The task: For each line below, print it again exactly as shown.

Data provided START

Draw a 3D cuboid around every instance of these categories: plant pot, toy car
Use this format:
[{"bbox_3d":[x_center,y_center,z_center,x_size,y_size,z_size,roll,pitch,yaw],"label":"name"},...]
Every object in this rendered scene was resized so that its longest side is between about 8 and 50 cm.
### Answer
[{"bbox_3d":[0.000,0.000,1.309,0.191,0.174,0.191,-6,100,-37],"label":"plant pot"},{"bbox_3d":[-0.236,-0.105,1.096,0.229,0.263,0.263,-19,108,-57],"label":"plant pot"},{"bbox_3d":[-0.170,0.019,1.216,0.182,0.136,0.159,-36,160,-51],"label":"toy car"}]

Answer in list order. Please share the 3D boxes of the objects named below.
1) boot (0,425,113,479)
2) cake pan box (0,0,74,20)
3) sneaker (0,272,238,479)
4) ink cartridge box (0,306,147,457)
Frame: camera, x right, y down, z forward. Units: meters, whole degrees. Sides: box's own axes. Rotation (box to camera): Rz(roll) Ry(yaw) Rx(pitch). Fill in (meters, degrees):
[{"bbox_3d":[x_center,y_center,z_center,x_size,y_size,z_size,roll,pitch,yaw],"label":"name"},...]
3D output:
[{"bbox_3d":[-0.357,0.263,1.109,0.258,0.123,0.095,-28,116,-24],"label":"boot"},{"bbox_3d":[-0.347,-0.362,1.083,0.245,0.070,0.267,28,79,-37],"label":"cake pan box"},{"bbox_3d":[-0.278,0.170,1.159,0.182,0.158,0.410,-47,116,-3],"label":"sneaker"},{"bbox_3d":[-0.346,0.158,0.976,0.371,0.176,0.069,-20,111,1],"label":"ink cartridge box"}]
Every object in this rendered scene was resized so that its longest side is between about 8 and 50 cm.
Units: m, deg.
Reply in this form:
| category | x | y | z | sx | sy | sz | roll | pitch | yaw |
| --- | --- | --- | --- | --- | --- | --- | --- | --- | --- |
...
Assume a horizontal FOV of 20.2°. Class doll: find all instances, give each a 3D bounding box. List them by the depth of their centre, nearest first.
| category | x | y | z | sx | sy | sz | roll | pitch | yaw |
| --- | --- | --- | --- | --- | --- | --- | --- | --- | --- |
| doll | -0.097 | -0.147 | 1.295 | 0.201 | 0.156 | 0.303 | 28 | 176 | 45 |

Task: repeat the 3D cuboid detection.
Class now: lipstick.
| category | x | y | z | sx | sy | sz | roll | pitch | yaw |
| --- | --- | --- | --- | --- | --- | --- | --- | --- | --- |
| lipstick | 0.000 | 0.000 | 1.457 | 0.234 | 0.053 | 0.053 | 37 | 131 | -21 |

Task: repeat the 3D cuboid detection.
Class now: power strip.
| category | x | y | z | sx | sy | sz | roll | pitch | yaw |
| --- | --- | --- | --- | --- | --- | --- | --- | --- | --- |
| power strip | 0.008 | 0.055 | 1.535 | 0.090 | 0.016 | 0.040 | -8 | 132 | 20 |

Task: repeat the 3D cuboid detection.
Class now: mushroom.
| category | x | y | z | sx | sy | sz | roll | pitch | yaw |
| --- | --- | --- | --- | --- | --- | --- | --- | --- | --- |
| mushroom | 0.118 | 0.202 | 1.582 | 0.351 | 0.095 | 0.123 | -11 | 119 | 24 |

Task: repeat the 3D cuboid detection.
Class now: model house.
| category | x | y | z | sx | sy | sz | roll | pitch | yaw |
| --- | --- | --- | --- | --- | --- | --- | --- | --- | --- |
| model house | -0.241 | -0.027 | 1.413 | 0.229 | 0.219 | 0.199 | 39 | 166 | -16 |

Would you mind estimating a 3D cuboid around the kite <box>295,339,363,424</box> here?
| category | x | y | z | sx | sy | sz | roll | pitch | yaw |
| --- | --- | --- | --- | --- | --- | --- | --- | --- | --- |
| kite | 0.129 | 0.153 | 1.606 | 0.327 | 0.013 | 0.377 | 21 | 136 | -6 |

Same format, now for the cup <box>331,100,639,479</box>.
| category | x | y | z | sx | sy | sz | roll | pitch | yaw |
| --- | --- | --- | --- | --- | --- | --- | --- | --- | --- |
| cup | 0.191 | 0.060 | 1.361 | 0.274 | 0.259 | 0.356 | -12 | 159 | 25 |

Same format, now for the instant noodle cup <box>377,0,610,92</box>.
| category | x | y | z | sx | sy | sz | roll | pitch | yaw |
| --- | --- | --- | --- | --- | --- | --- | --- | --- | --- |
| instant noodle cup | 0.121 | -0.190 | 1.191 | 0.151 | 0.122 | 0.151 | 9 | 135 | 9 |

Data provided END

Task solution:
Draw a 3D cuboid around every instance of these categories: plant pot, toy car
Use this format:
[{"bbox_3d":[x_center,y_center,z_center,x_size,y_size,z_size,roll,pitch,yaw],"label":"name"},...]
Every object in this rendered scene was resized so that its longest side is between about 8 and 50 cm.
### Answer
[{"bbox_3d":[0.000,0.000,1.309,0.191,0.174,0.191,-6,100,-37],"label":"plant pot"},{"bbox_3d":[-0.236,-0.105,1.096,0.229,0.263,0.263,-19,108,-57],"label":"plant pot"},{"bbox_3d":[-0.170,0.019,1.216,0.182,0.136,0.159,-36,160,-51],"label":"toy car"}]

Answer in list order. Please share the 3D boxes of the objects named below.
1) boot (0,425,113,479)
2) cake pan box (0,0,74,20)
3) sneaker (0,272,238,479)
4) ink cartridge box (0,306,147,457)
Frame: camera, x right, y down, z forward. Units: meters, whole degrees. Sides: box's own axes. Rotation (box to camera): Rz(roll) Ry(yaw) Rx(pitch). Fill in (meters, degrees):
[{"bbox_3d":[x_center,y_center,z_center,x_size,y_size,z_size,roll,pitch,yaw],"label":"name"},...]
3D output:
[{"bbox_3d":[-0.357,0.263,1.109,0.258,0.123,0.095,-28,116,-24],"label":"boot"},{"bbox_3d":[-0.347,-0.362,1.083,0.245,0.070,0.267,28,79,-37],"label":"cake pan box"},{"bbox_3d":[-0.278,0.170,1.159,0.182,0.158,0.410,-47,116,-3],"label":"sneaker"},{"bbox_3d":[-0.346,0.158,0.976,0.371,0.176,0.069,-20,111,1],"label":"ink cartridge box"}]
Every object in this rendered scene was resized so that its longest side is between about 8 and 50 cm.
Units: m, deg.
Reply in this form:
| category | x | y | z | sx | sy | sz | roll | pitch | yaw |
| --- | --- | --- | --- | --- | --- | --- | --- | --- | --- |
...
Assume a horizontal FOV of 20.2°. Class doll: find all instances, give each a 3D bounding box. List them by the depth of their centre, nearest first.
| category | x | y | z | sx | sy | sz | roll | pitch | yaw |
| --- | --- | --- | --- | --- | --- | --- | --- | --- | --- |
| doll | -0.097 | -0.147 | 1.295 | 0.201 | 0.156 | 0.303 | 28 | 176 | 45 |

Task: repeat the 3D cuboid detection.
Class now: lipstick.
| category | x | y | z | sx | sy | sz | roll | pitch | yaw |
| --- | --- | --- | --- | --- | --- | --- | --- | --- | --- |
| lipstick | 0.000 | 0.000 | 1.457 | 0.234 | 0.053 | 0.053 | 37 | 131 | -21 |

Task: repeat the 3D cuboid detection.
Class now: power strip.
| category | x | y | z | sx | sy | sz | roll | pitch | yaw |
| --- | --- | --- | --- | --- | --- | --- | --- | --- | --- |
| power strip | 0.008 | 0.055 | 1.535 | 0.090 | 0.016 | 0.040 | -8 | 132 | 20 |

Task: repeat the 3D cuboid detection.
Class now: mushroom.
| category | x | y | z | sx | sy | sz | roll | pitch | yaw |
| --- | --- | --- | --- | --- | --- | --- | --- | --- | --- |
| mushroom | 0.118 | 0.202 | 1.582 | 0.351 | 0.095 | 0.123 | -11 | 119 | 24 |

Task: repeat the 3D cuboid detection.
Class now: model house.
| category | x | y | z | sx | sy | sz | roll | pitch | yaw |
| --- | --- | --- | --- | --- | --- | --- | --- | --- | --- |
| model house | -0.241 | -0.027 | 1.413 | 0.229 | 0.219 | 0.199 | 39 | 166 | -16 |

Would you mind estimating a 3D cuboid around the kite <box>295,339,363,424</box> here?
| category | x | y | z | sx | sy | sz | roll | pitch | yaw |
| --- | --- | --- | --- | --- | --- | --- | --- | --- | --- |
| kite | 0.129 | 0.153 | 1.606 | 0.327 | 0.013 | 0.377 | 21 | 136 | -6 |

Same format, now for the cup <box>331,100,639,479</box>.
| category | x | y | z | sx | sy | sz | roll | pitch | yaw |
| --- | --- | --- | --- | --- | --- | --- | --- | --- | --- |
| cup | 0.191 | 0.060 | 1.361 | 0.274 | 0.259 | 0.356 | -12 | 159 | 25 |

Same format, now for the instant noodle cup <box>377,0,610,92</box>.
| category | x | y | z | sx | sy | sz | roll | pitch | yaw |
| --- | --- | --- | --- | --- | --- | --- | --- | --- | --- |
| instant noodle cup | 0.121 | -0.190 | 1.191 | 0.151 | 0.122 | 0.151 | 9 | 135 | 9 |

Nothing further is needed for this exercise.